NATO commander Lt Gen David Richards told a news conference in Kabul that they were launching a new countrywide operation. He said the operation would be jointly conducted with the Afghan military to keep the militants under pressure.

Although the general did not give details, the operation is aimed to strike a decisive blow at the Taliban during the coming winter season. The operation has been codenamed as "Operation Eagle." The NATO commander said the purpose of the operation was to encourage the much needed reconstruction and development across Afghanistan.
Despite the references to "across Afghanistan", reports over the last week indicate that the main business in still in the east on the border with Pakistan from where as the Hindustan Times reports, Taliban infiltration is a problem.
Taliban fighters told this week how they crossed into Afghanistan from Pakistan to carry out a "jihad" against troops after mullahs said it was their duty as Muslims.

The young men -- two Pakistanis and an Afghan -- were captured after a fierce five-hour battle in Paktika province on Tuesday, just a few kilometers (miles) from the border.

During the battle, 24 of their fellow fighters were killed. The bloodied and broken bodies were later shown to reporters by the Afghan army at a base in Barmal district.
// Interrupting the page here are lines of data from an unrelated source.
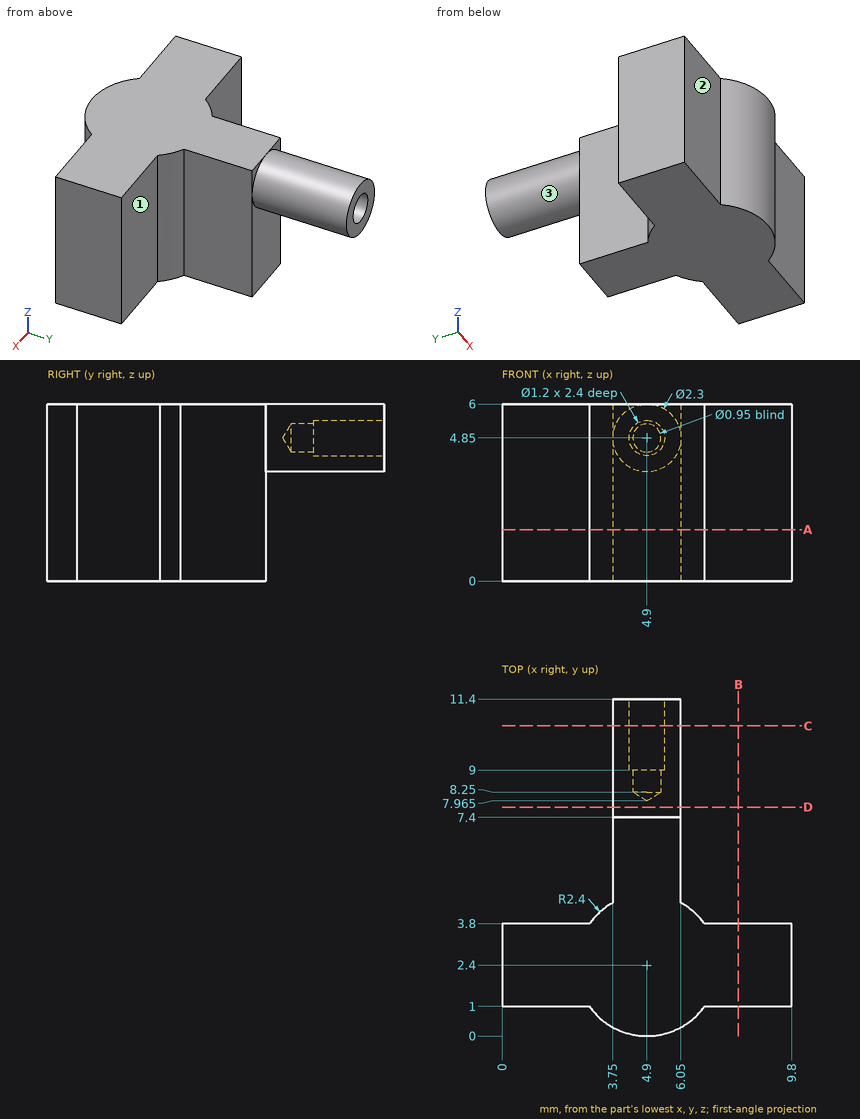
Design review of the part shown in the three views and the two pictorial views. Dimensions are in mm from the part's minimum x, y and z. A direction names the side the tool comes from. Coordinates: 2 decimals unless noted, no trailing zeros. Order: outer loops, then holes, each group sorted by start corner. A loop starts at its lowest first (then second) coordinate and runs counter-clockwise, first axis right, second up. Notation, with made-up numbers: (18.25, -7) - (37.25, -7) arc R22 ccw to (37.25, 4) - close; hole circle Ø5 at (-30, 43). An arc over 180 degrees is marked (long way). One line per question, with ' | ' between items.
Q1. Clearance check with flat-ended pins moving along their axes: pin 1 Ø2.5 at (x, z) = (8, 4) entering from +Y; pin 2 Ø1 at (x, y) = (1.5, 6.5) entering from -Z; pin 3 Ø1.5 at (x, z) = (2, 3) entering from -Y; pin 4 Ø2.5 at (y, z) = (6, 3.5) entering from +X. State where each tip first meets the part, or that it passes through.
Answer key:
pin 1: stops at y = 3.93 | pin 2: passes through | pin 3: stops at y = 1 | pin 4: stops at x = 6.05
Q2. To check wall thickness, follow line 1 along X through (y, z) = (10.3, 4.85); line 2 along Y through (x, z) = (1.5, 5.5); line 3 along X through (y, z) = (6.75, 4.5). State the ranges of each line that lie inside material, in increasing order.
Answer key:
line 1: x = 3.75 to 4.3, 5.5 to 6.05 | line 2: y = 1 to 3.8 | line 3: x = 3.75 to 6.05
Q3. For the marked faces 1, 2 and 3, list the 3-axis set-ups (+Z, -Z, +X, -X, +Y, -Y) from which the entire face can be reached by the end or side of a thin tool; tool diameter is ignored.
Answer key:
face 1: +Z, -Z, +X, +Y | face 2: +Z, -Z, -X, -Y | face 3: +Y
Q4. Consider section C-C, the plane y = 10.5. Give the boundary of the cut face in (x, z).
Answer key:
outline: circle Ø2.3 at (4.9, 4.85); hole circle Ø1.2 at (4.9, 4.85)
Q5. Consider section A-A, the plane z = 1.75. Give the boundary of the cut face in (x, y), then the cut area to 3 significant figures.
Answer key:
outline: (0, 1) - (2.95, 1) arc R2.4 ccw to (6.85, 1) - (9.8, 1) - (9.8, 3.8) - (6.85, 3.8) arc R2.4 ccw to (6.05, 4.51) - (6.05, 7.4) - (3.75, 7.4) - (3.75, 4.51) arc R2.4 ccw to (2.95, 3.8) - (0, 3.8) - close | area: 39.1 mm2
Q6. Consider section D-D, the plane y = 7.75. Give the boundary of the cut face in (x, z).
Answer key:
outline: circle Ø2.3 at (4.9, 4.85)
Q7. Consider section B-B, the plane x = 8. Give the boundary of the cut face in (y, z).
Answer key:
outline: (1, 0) - (3.8, 0) - (3.8, 6) - (1, 6) - close
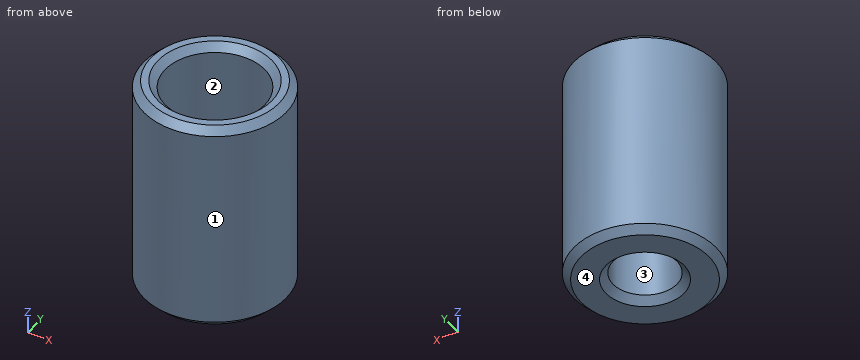
from build123d import *

# Parameters (mm, degrees)
F0_W     = 31.75
F0_H     = 95.25
F2_R     = 22.225
F3_DEPTH = 50.8
F4_R     = 14.2875
F5_DEPTH = 95.251
F6_SIZE  = 3.175


with BuildPart() as f1:
    # F0 (on Front) → F1 (revolve)
    with BuildSketch(Plane.XZ):
        with Locations((15.875, 47.625)):
            Rectangle(F0_W, F0_H)
    revolve(axis=Axis((0, 0, 30.3924912523), (0, 0, 1)))

    # F2 (on face) → F3 (cut)
    with BuildSketch(Plane.XY.offset(95.25)):
        Circle(F2_R)
    extrude(amount=-F3_DEPTH, mode=Mode.SUBTRACT)

    # F4 (on face) → F5 (cut, through all)
    with BuildSketch(Plane(origin=(0, 0, 0), x_dir=(1, 0, 0), z_dir=(0, 0, -1))):
        Circle(F4_R)
    extrude(amount=-F5_DEPTH, mode=Mode.SUBTRACT)

    # F6
    f6_edges = [f1.edges().sort_by_distance(p)[0] for p in [
        (-31.75, 0, 0),
        (-31.75, 0, 95.25),
        (-22.225, 0, 95.25),
        (-14.2875, 0, 44.45),
        (-14.2875, 0, 0),
        (14.2875, 0, 22.225),
    ]]
    chamfer(f6_edges, length=F6_SIZE)


solid = f1.part
Work out the finished part from the listing and answer in its coordinate system (mm). Face numbers are marked on the shaded views. Give positions to 0.01 mm unless a question says otherwise; leave off trailing zeros. Loops run counter-clockwise (first coordinate to the right, second up) from the corner with the lowest first, then second, coordinate; pieces in that order, holes last. Notation, with made-up numbers: (57, -30.75) -> (78, -30.75) arc R21 ccw to (78, -11.75) -> close; hole circle Ø5 at (80.5, 7.25). An arc over 180 degrees is marked (long way). Use a Markdown table: item, result. Add a question column.
1) Consider line 1 along Y through (x, z) = (0, 65.5) (3 decimals); line 2 along Y through (x, z) = (0, 20); line 3 along X through (y, z) = (1, 66). Determine where each line is inside the solid, lowest interval first.
2) For a pull along X with two mould halves and no side action, classify the marked faces 1, 2, 3 and 4 as +X half, -X half, draft (parallel to the pull), parting line (faces both ways), or undercut.
3) Each of these flat-tipped pins is pushed along its axis until it touches: P1, Ø4, axis at x = -4, z = 53.5, coming from the -Y side; P2, Ø1, axis at x = -20, z = 84.5, coming from the -Y side; P3, Ø2, axis at y = 15.5, z = 26.5, coming from the -X side; P4, Ø1.5, axis at x = -22.5, y = -12, coming from the -Z side. Where does it stop, or does it pass through?
4) The part is cut by section C-C, the plane z = 46. Determine the outline of the cut face in (x, y) (3 decimals).
Reported:
| question | item | result |
|---|---|---|
| 1 | line 1 | y = -31.75 to -22.225, 22.225 to 31.75 |
| 1 | line 2 | y = -31.75 to -14.29, 14.29 to 31.75 |
| 1 | line 3 | x = -31.73 to -22.2, 22.2 to 31.73 |
| 2 | face 1 | parting line |
| 2 | face 2 | undercut |
| 2 | face 3 | undercut |
| 2 | face 4 | draft |
| 3 | P1 | stops at y = -31.69 |
| 3 | P2 | stops at y = -25.06 |
| 3 | P3 | stops at x = -28.25 |
| 3 | P4 | stops at z = 0 |
| 4 | outline | circle Ø63.5 at (0, 0); hole circle Ø44.45 at (0, 0) |
Input: part model. Units: mm. Frame: model coordinates. A direction names the side the tool comes from. Round coordinates to 2 decimals unless told otherwise and drop trailing zeros. Loops run counter-clockwise (first coordinate to the right, second up) from the corner with the lowest first, then second, coordinate; pieces in that order, holes last. Notation, with made-up numbers: M -3.75,61 L 38.25,61 A24 cw 38.25,78 Z; hole C 73.25,84 d8. An arc over 180 degrees is marked long. Return JSON: item names as keys, results as strings. Group by question number.
1) Section D-D (y = -11.5). Output: boundary loops of the cut face in (x, z) (1 decimal).
2) Access query for faces 5 (the face through (24, 13.325, 1)), 6 (the face through (-26.127, -17.207, 0.783)). Directions: +Z, -Z, +X, -X, +Y, -Y. A direction counts if a zero-diameter tool reaches every point of the face in a straight line with its end or side. Return the directions, or none.
3) Material intervals for line 1 (Y direction, x = -24.13, z = 0.4); line 2 (X direction, y = -8.5, z = 0.8); line 3 (X direction, y = -7, z = 1.4), sorted ascending. Write a range as from..to.
4) Section A-A (x = 0). Output: boundary loops of the cut face in (y, z).
5) Contact query for a flat-ended pin moving along its axis: P1, Ø0.8, axis at x = -23.5, z = 0.5, coming from the -Y side. Output: stop coordinate, or through.
6) Section B-B (x = -24.13). Output: boundary loops of the cut face in (y, z), plus the area to 3 significant figures.
7) Section C-C (y = 15.24). Output: boundary loops of the cut face in (x, z).
8) Mould query, pull axis Y, two halves, no side actions, for faces 1 (the face through (-24, -10.424, 1)), 2 (the face through (0, 17.78, 1)), 3 (the face through (-1.84, -19.69, 0.78)), 4 (the face through (0, 3, 0)). Classes: +Y half, -Y half, draft (parallel to the pull), parting line (faces both ways), or undercut.
from build123d import *

# Parameters (mm, degrees)
SKETCH1_R           = 0.60325
BOSS_EXTRUDE1_DEPTH = 1.5875
SKETCH5_W           = 1.5875
SKETCH5_H           = 3.175
SKETCH5_H_2         = 4.699
CUT_EXTRUDE1_DEPTH  = 34.530212411
SKETCH7_R           = 1.3589
CUT_EXTRUDE2_DEPTH  = 34.530212411
SKETCH8_R           = 6.222246918
SKETCH8_R_2         = 4.114931659
CUT_EXTRUDE3_DEPTH  = 34.530212411
SKETCH9_R           = 2.787155445
CUT_EXTRUDE4_DEPTH  = 34.530212411


with BuildPart() as part:
    # Sketch1 → Boss-Extrude1 (new body)
    with BuildSketch(Plane.XY):
        with BuildLine():
            ThreePointArc((26.67, 15.875), (26.112038418, 17.222038418), (24.765, 17.78))
            Line((24.765, 17.78), (-24.765, 17.78))
            ThreePointArc((-24.765, 17.78), (-26.112038418, 17.222038418), (-26.67, 15.875))
            Line((-26.67, 15.875), (-26.67, -15.875))
            ThreePointArc((-26.67, -15.875), (-26.112038418, -17.222038418), (-24.765, -17.78))
            Line((-24.765, -17.78), (-7.62, -17.78))
            Line((-7.62, -17.78), (-2.103962754, -20.259962687))
            Line((-2.103962754, -20.259962687), (-1.567237562, -19.108951797))
            ThreePointArc((-1.567237562, -19.108951797), (0, -12.0396), (1.567237562, -19.108951797))
            Line((1.567237562, -19.108951797), (2.103962754, -20.259962687))
            Line((2.103962754, -20.259962687), (7.62, -17.78))
            Line((7.62, -17.78), (24.765, -17.78))
            ThreePointArc((24.765, -17.78), (26.112038418, -17.222038418), (26.67, -15.875))
            Line((26.67, -15.875), (26.67, 15.875))
        make_face()
        with Locations((-24.13, -15.24)):
            Circle(SKETCH1_R, mode=Mode.SUBTRACT)
        with Locations((24.13, -15.24)):
            Circle(SKETCH1_R, mode=Mode.SUBTRACT)
        with Locations((-24.13, 15.24)):
            Circle(SKETCH1_R, mode=Mode.SUBTRACT)
        with Locations((24.13, 15.24)):
            Circle(SKETCH1_R, mode=Mode.SUBTRACT)
    extrude(amount=BOSS_EXTRUDE1_DEPTH)

    # Sketch5 → Cut-Extrude1 (cut, through all)
    with BuildSketch(Plane.XY.offset(1.5875)):
        with Locations((23.97125, -12.011129894)):
            Rectangle(SKETCH5_W, SKETCH5_H)
        with Locations((23.97125, 10.975870106)):
            Rectangle(SKETCH5_W, SKETCH5_H_2)
    cut_extrude1 = extrude(amount=-CUT_EXTRUDE1_DEPTH, mode=Mode.SUBTRACT)

    # Mirror1: Cut-Extrude1 across plane
    add(cut_extrude1.mirror(Plane(origin=(0, 0, 0), x_dir=(0, 0, 1), z_dir=(1, 0, 0))), mode=Mode.SUBTRACT)

    # Sketch7 → Cut-Extrude2 (cut, through all)
    with BuildSketch(Plane.XY.offset(1.5875)):
        with Locations((0, 10.795)):
            Circle(SKETCH7_R)
        with Locations((9.5377, 2.8702)):
            Circle(SKETCH7_R)
        with Locations((-9.5377, 2.8702)):
            Circle(SKETCH7_R)
        with Locations((0, -5.0546)):
            Circle(SKETCH7_R)
    extrude(amount=-CUT_EXTRUDE2_DEPTH, mode=Mode.SUBTRACT)

    # Sketch8 → Cut-Extrude3 (cut, through all)
    with BuildSketch(Plane.XY.offset(1.5875)):
        with Locations(Location((13.780253082, -8.382753082, 0), (0, 0, 180))):
            Circle(SKETCH8_R)
        with Locations((-15.887568341, 10.490068341)):
            Circle(SKETCH8_R_2)
        with Locations((-13.780253082, -8.382753082)):
            Circle(SKETCH8_R)
        with Locations(Location((15.887568341, 10.490068341, 0), (0, 0, 180))):
            Circle(SKETCH8_R_2)
    extrude(amount=-CUT_EXTRUDE3_DEPTH, mode=Mode.SUBTRACT)

    # Sketch9 → Cut-Extrude4 (cut, through all)
    with BuildSketch(Plane.XY.offset(1.5875)):
        with Locations((-20.707844555, 1.640626454)):
            Circle(SKETCH9_R)
        with Locations(Location((20.707844555, 1.640626454, 0), (0, 0, 180))):
            Circle(SKETCH9_R)
    extrude(amount=-CUT_EXTRUDE4_DEPTH, mode=Mode.SUBTRACT)


solid = part.part
Returned:
{
 "1": {"outline": "M -26.7,0 L -24.8,0 L -24.8,1.6 L -26.7,1.6 Z; M -23.2,0 L -19.2,0 L -19.2,1.6 L -23.2,1.6 Z; M -8.4,0 L 8.4,0 L 8.4,1.6 L -8.4,1.6 Z; M 19.2,0 L 23.2,0 L 23.2,1.6 L 19.2,1.6 Z; M 24.8,0 L 26.7,0 L 26.7,1.6 L 24.8,1.6 Z"},
 "2": {"face 5": "+Z, -Z", "face 6": "+Z, -Z, -X, -Y"},
 "3": {"line 1": "y = -17.78..-15.84, -14.64..-13.6, -10.42..8.63, 13.33..14.64, 15.84..17.78", "line 2": "x = -26.67..-20, -7.56..7.56, 20..26.67", "line 3": "x = -26.67..-19.85, -7.71..7.71, 19.85..26.67"},
 "4": {"outline": "M -12.04,0 L -6.41,0 L -6.41,1.59 L -12.04,1.59 Z; M -3.7,0 L 9.44,0 L 9.44,1.59 L -3.7,1.59 Z; M 12.15,0 L 17.78,0 L 17.78,1.59 L 12.15,1.59 Z"},
 "5": {"P1": "stops at y = -17.78"},
 "6": {"outline": "M -17.78,0 L -15.84,0 L -15.84,1.59 L -17.78,1.59 Z; M -14.64,0 L -13.6,0 L -13.6,1.59 L -14.64,1.59 Z; M -10.42,0 L 8.63,0 L 8.63,1.59 L -10.42,1.59 Z; M 13.33,0 L 14.64,0 L 14.64,1.59 L 13.33,1.59 Z; M 15.84,0 L 17.78,0 L 17.78,1.59 L 15.84,1.59 Z", "area": "40.1 mm^2"},
 "7": {"outline": "M -26.67,0 L -24.73,0 L -24.73,1.59 L -26.67,1.59 Z; M -23.53,0 L 23.53,0 L 23.53,1.59 L -23.53,1.59 Z; M 24.73,0 L 26.67,0 L 26.67,1.59 L 24.73,1.59 Z"},
 "8": {"face 1": "undercut", "face 2": "+Y half", "face 3": "-Y half", "face 4": "draft"}
}

The dead were mostly Afghans but included an Arab, Chechens, Pakistanis, Turks and a man from Yemen, an officer said, citing information from the captured three, identity cards and, in one case, a name on a bullet belt.

"Mullahs in Pakistan were preaching to us that we are obliged to fight jihad in Afghanistan because there are foreign troops -- there is an Angriz (British) invasion," dishevelled Alahuddin told reporters.

"A Pakistani Taliban commander, Saifullah, introduced us to a guide who escorted us to Barmal," he said. "Then he left and we joined a group already here and came to the ambush site."

It was only Alahuddin's second day in Afghanistan and it went horribly wrong.

His group of 32 Taliban lay in wait for an army convoy, launching a clumsy attack mainly with AK-47 machine guns.

The Afghan soldiers and their International Security Assistance Force (ISAF) counterparts retaliated. Two columns of support quickly arrived and surrounded the attackers as attack helicopters were called in.

After five hours of fighting, 24 Taliban and a (Afghan] soldier were dead. Some of the rebels not killed by the troops blew themselves up with their own grenades, soldiers said...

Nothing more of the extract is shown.